Comment 25 Eric Seidel (no email) 2011-06-16 14:40:19 PDT
Comment on attachment 97489 [details]
Patch

View in context: https://bugs.webkit.org/attachment.cgi?id=97489&action=review

> Source/WebCore/dom/XMLDocumentParserLibxml2.cpp:516
> +    xmlParserCtxtPtr parser = xmlCreateMemoryParserCtxt(chunk.data(), chunk.length());

I'm surprised the compiler won't warn here then, if length() is unsigned and we're using it as signed.
Comment 26 Alexey Proskuryakov 2011-06-16 14:59:34 PDT
Comment on attachment 97489 [details]
Patch

View in context: https://bugs.webkit.org/attachment.cgi?id=97489&action=review

> LayoutTests/ChangeLog:8
> +        Added test cases covering four cases of using innerHTML with null bytes in XHTML.

four cases?

>> Source/WebCore/dom/XMLDocumentParser.h:61
>> +        static PassRefPtr<XMLParserContext> createStringParser(xmlSAXHandlerPtr handlers, void* userData);
> 
> The handlers name doesn't add anything (it's already described well by the type), so I wouldn't add it.  But I appreciate you adding the void*.

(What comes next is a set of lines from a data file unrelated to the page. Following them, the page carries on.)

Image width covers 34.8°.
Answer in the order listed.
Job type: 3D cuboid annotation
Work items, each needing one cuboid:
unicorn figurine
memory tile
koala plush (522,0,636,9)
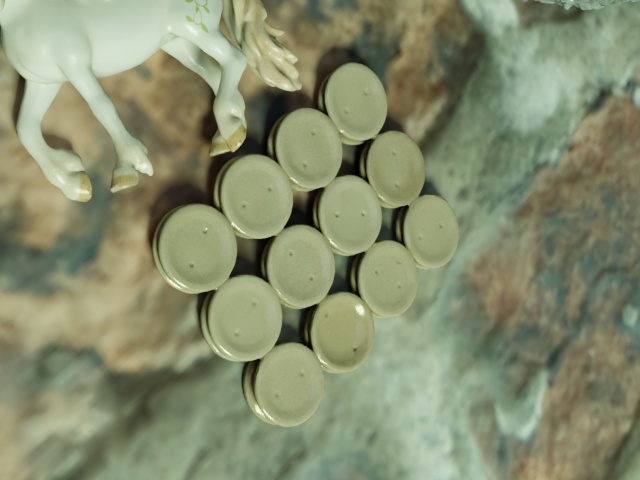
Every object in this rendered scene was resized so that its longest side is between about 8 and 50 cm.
[{"bbox_3d":[-0.082,-0.075,0.383,0.162,0.060,0.111,-29,103,-51],"label":"unicorn figurine"},{"bbox_3d":[0.000,0.000,0.459,0.148,0.012,0.113,-45,112,-31],"label":"memory tile"},{"bbox_3d":[0.143,-0.227,0.506,0.221,0.203,0.196,-52,127,-51],"label":"koala plush"}]

Yup, "handlers" needn't be here.

>> Source/WebCore/dom/XMLDocumentParserLibxml2.cpp:514
>> +    ASSERT(chunk.length() <= INT_MAX);
> 
> What happens if we do pass a length over INT_MAX to xmlCreateMemoryParserCtxt?

This assertion is not particularly useful. It won't help us uncover any problems earlier, because we will never have chunks that long in practice.

Perhaps a comment explaining where the length check is made would be more appropriate.
Comment 27 Vicki Pfau 2011-06-16 18:08:02 PDT
Created attachment 97531 [details]
Patch
Comment 28 WebKit Review Bot 2011-06-16 22:54:26 PDT
Comment on attachment 97531 [details]
Patch

Clearing flags on attachment: 97531

Committed r89118: <http://trac.webkit.org/changeset/89118>
Comment 29 WebKit Review Bot 2011-06-16 22:54:33 PDT
All reviewed patches have been landed.  Closing bug.